_GOAL OF THE EXERCISE_
Could you copy exactly the lines from the one containing "Output: an INI" through the last line of the records, leaving out every picture?

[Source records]
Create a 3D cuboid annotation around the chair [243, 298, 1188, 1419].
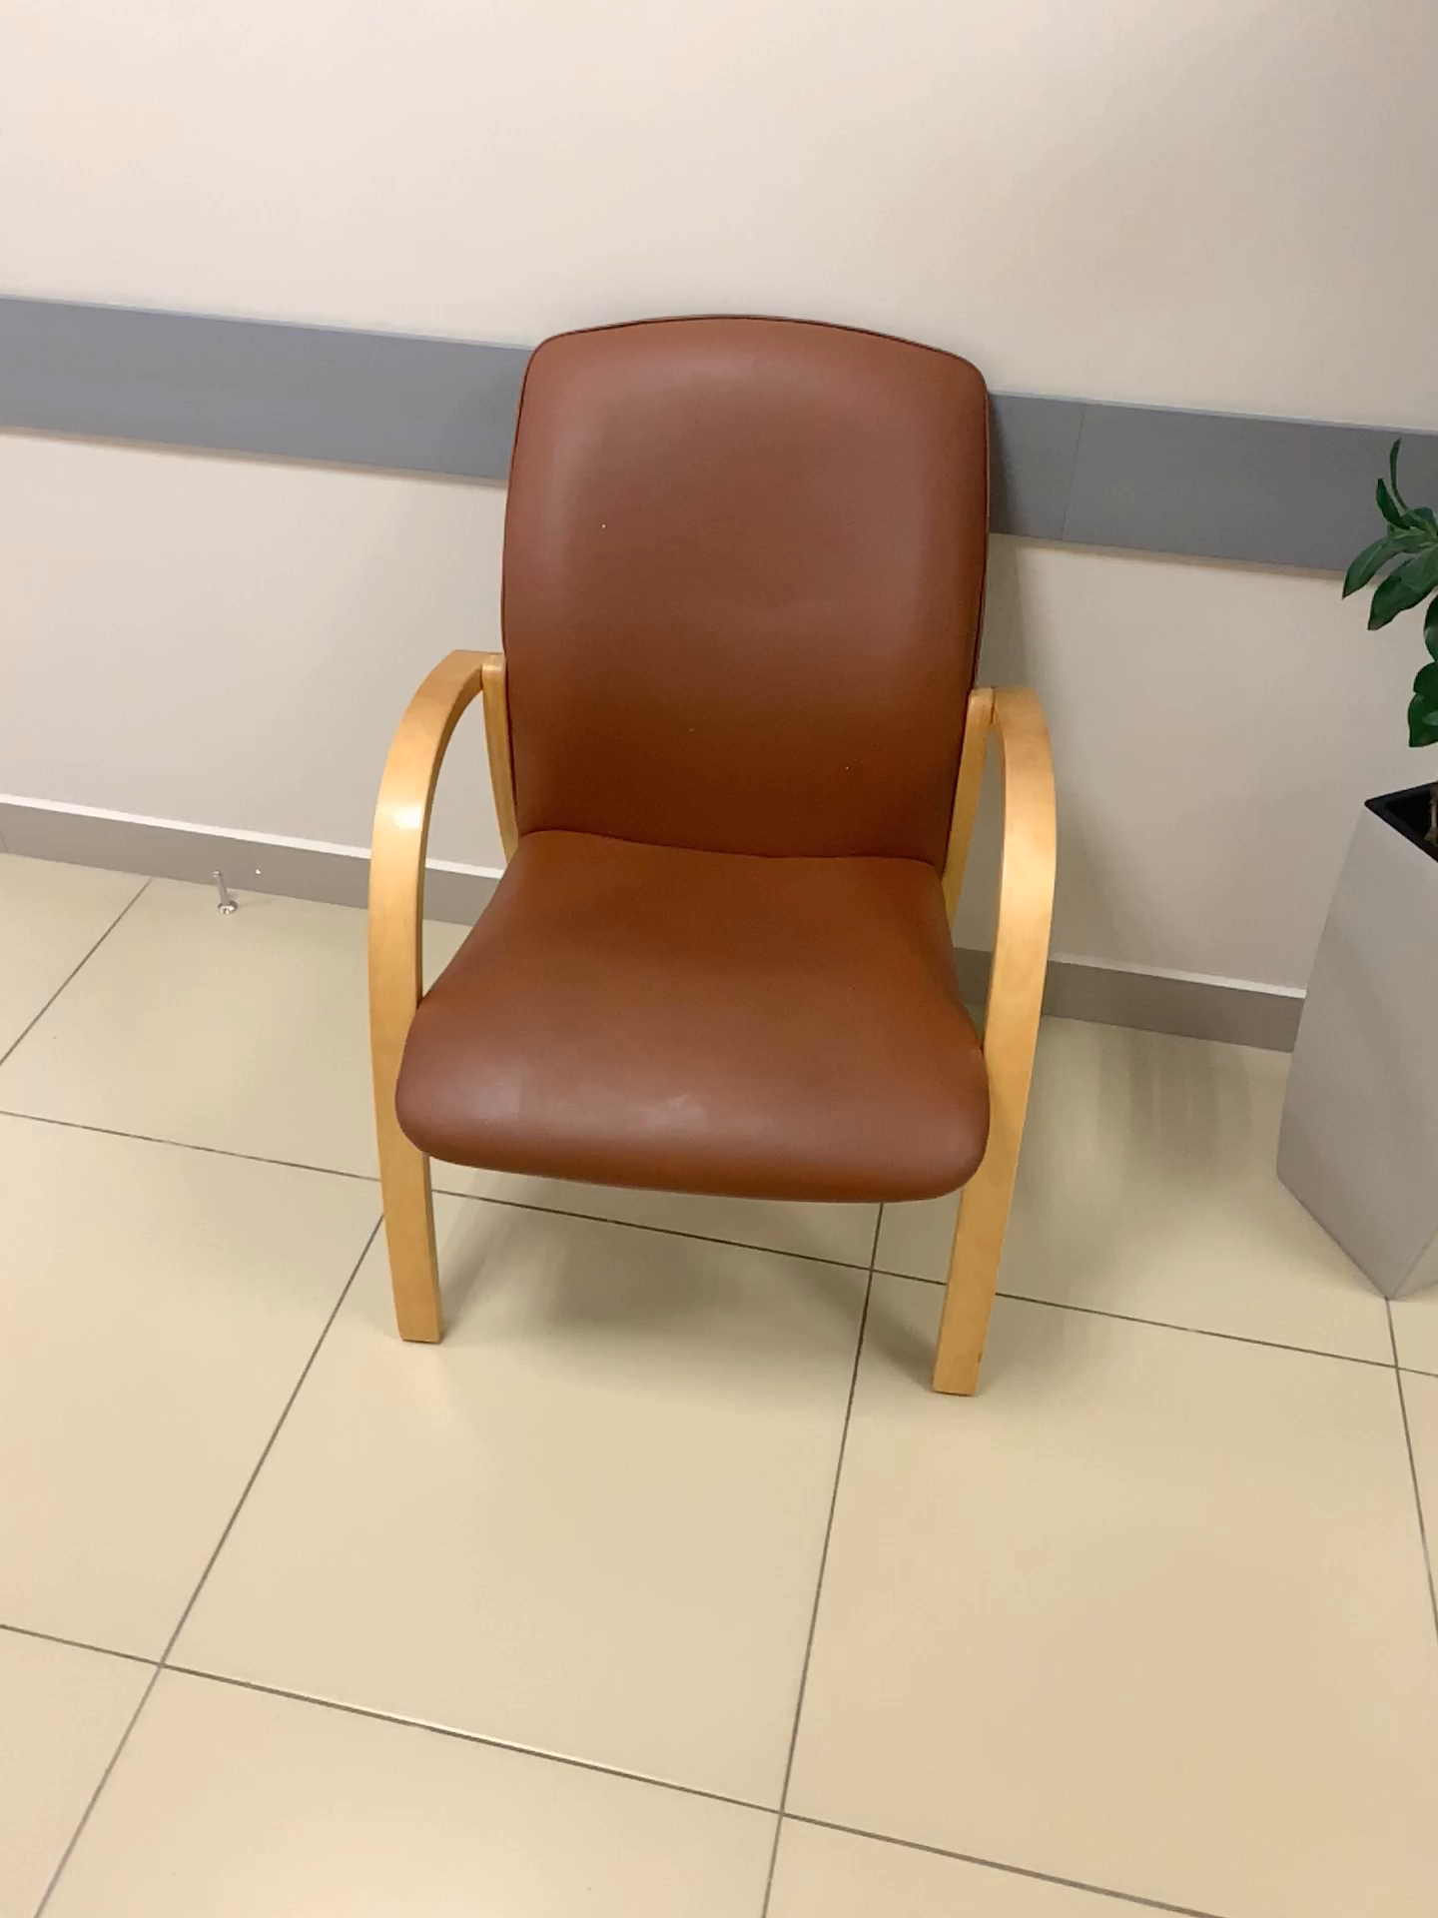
[{"bbox_3d":[0.016,-0.081,1.582,0.670,0.984,0.603,5,41,4],"label":"chair"}]
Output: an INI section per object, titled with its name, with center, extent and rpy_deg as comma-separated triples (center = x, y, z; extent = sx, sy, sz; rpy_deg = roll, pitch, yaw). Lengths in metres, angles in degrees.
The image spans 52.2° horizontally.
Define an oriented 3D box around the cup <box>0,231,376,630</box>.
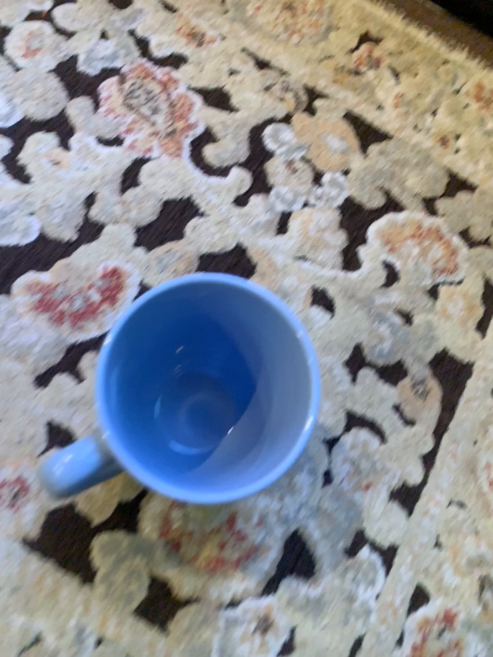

_TASK OUTPUT_
Output: an INI section per object, titled with its name, with center, extent and rpy_deg as comma-separated triples (center = x, y, z; extent = sx, sy, sz; rpy_deg = roll, pitch, yaw). Lengths in metres, angles in degrees.
The image spans 52.2° horizontally.
Define an oriented 3D box around the cup <box>0,231,376,630</box>.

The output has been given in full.